# Alternative to (x+dx)^-2

• Jan 31st 2010, 02:52 AM
p75213
Alternative to (x+dx)^-2
The equation is part of the proof of the derivative of a negative exponent in "Calculus Made Easy" by Silvanus P. Thompson.
The book says (x+dx)^-2 = x^-2(1+dx/x)^-2
I make it x^-2(1+2.dx/x)^-1

I know I am wrong but don't know how.

Note: (dx)^2/x^2 is dropped as it is infintesimal.
• Jan 31st 2010, 03:58 AM
Quote:

Originally Posted by p75213
The equation is part of the proof of the derivative of a negative exponent in "Calculus Made Easy" by Silvanus P. Thompson.
The book says (x+dx)^-2 = x^-2(1+dx/x)^-2
I make it x^-2(1+2.dx/x)^-1

I know I am wrong but don't know how.

Note: (dx)^2/x^2 is dropped as it is infintesimal.

It looks like the book doesn't drop that term after all.

$\displaystyle \frac{1}{x^2+2xdx+(dx)^2}=\frac{1}{x^2}\ \frac{1}{1+\frac{2dx}{x}+\frac{(dx)^2}{x^2}}$

$\displaystyle =\frac{1}{x^2}\ \frac{1}{(1+\frac{dx}{x})^2}$
• Jan 31st 2010, 04:03 AM
CaptainBlack
Quote:

Originally Posted by p75213
The equation is part of the proof of the derivative of a negative exponent in "Calculus Made Easy" by Silvanus P. Thompson.
The book says (x+dx)^-2 = x^-2(1+dx/x)^-2
I make it x^-2(1+2.dx/x)^-1

I know I am wrong but don't know how.

Note: (dx)^2/x^2 is dropped as it is infintesimal.
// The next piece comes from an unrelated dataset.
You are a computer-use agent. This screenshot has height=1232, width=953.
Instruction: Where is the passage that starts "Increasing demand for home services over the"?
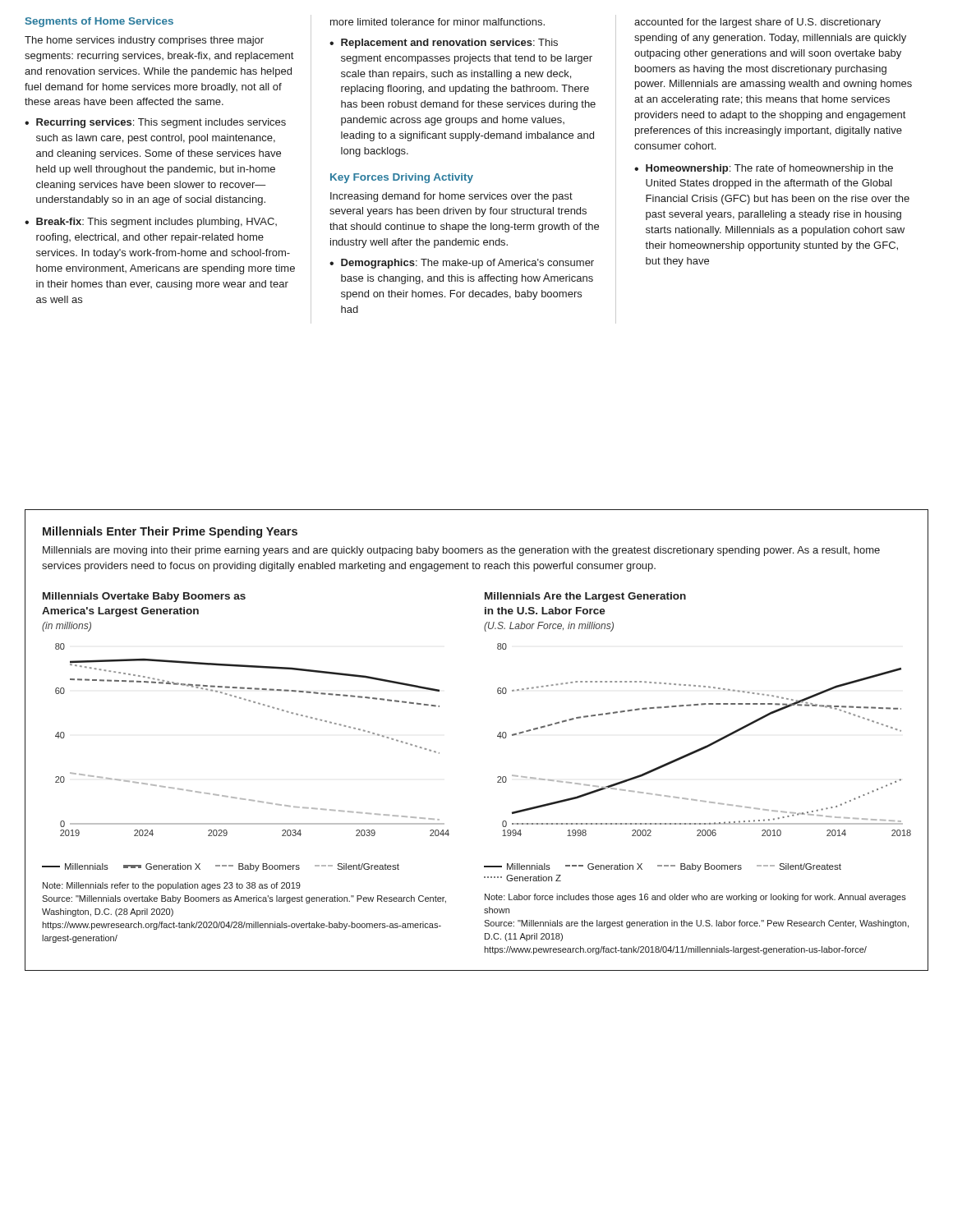[x=465, y=219]

$\displaystyle (x+y)^2=x^2+2xy+y^2=x^2(1+2y/x + (y/x)^2)=x^2\left(1+\frac{y}{x}\right)^2$

so:

$\displaystyle \frac{1}{(x+dx)^2}=\frac{1}{x^2\left(1+\frac{dx}{x }\right)^2}$

There is no dropping of second degree terms (yet)

CB
• Jan 31st 2010, 11:45 AM
p75213
Thanks Guys,
It was quite simple as it turned out, however I could simply not see the solution at the time.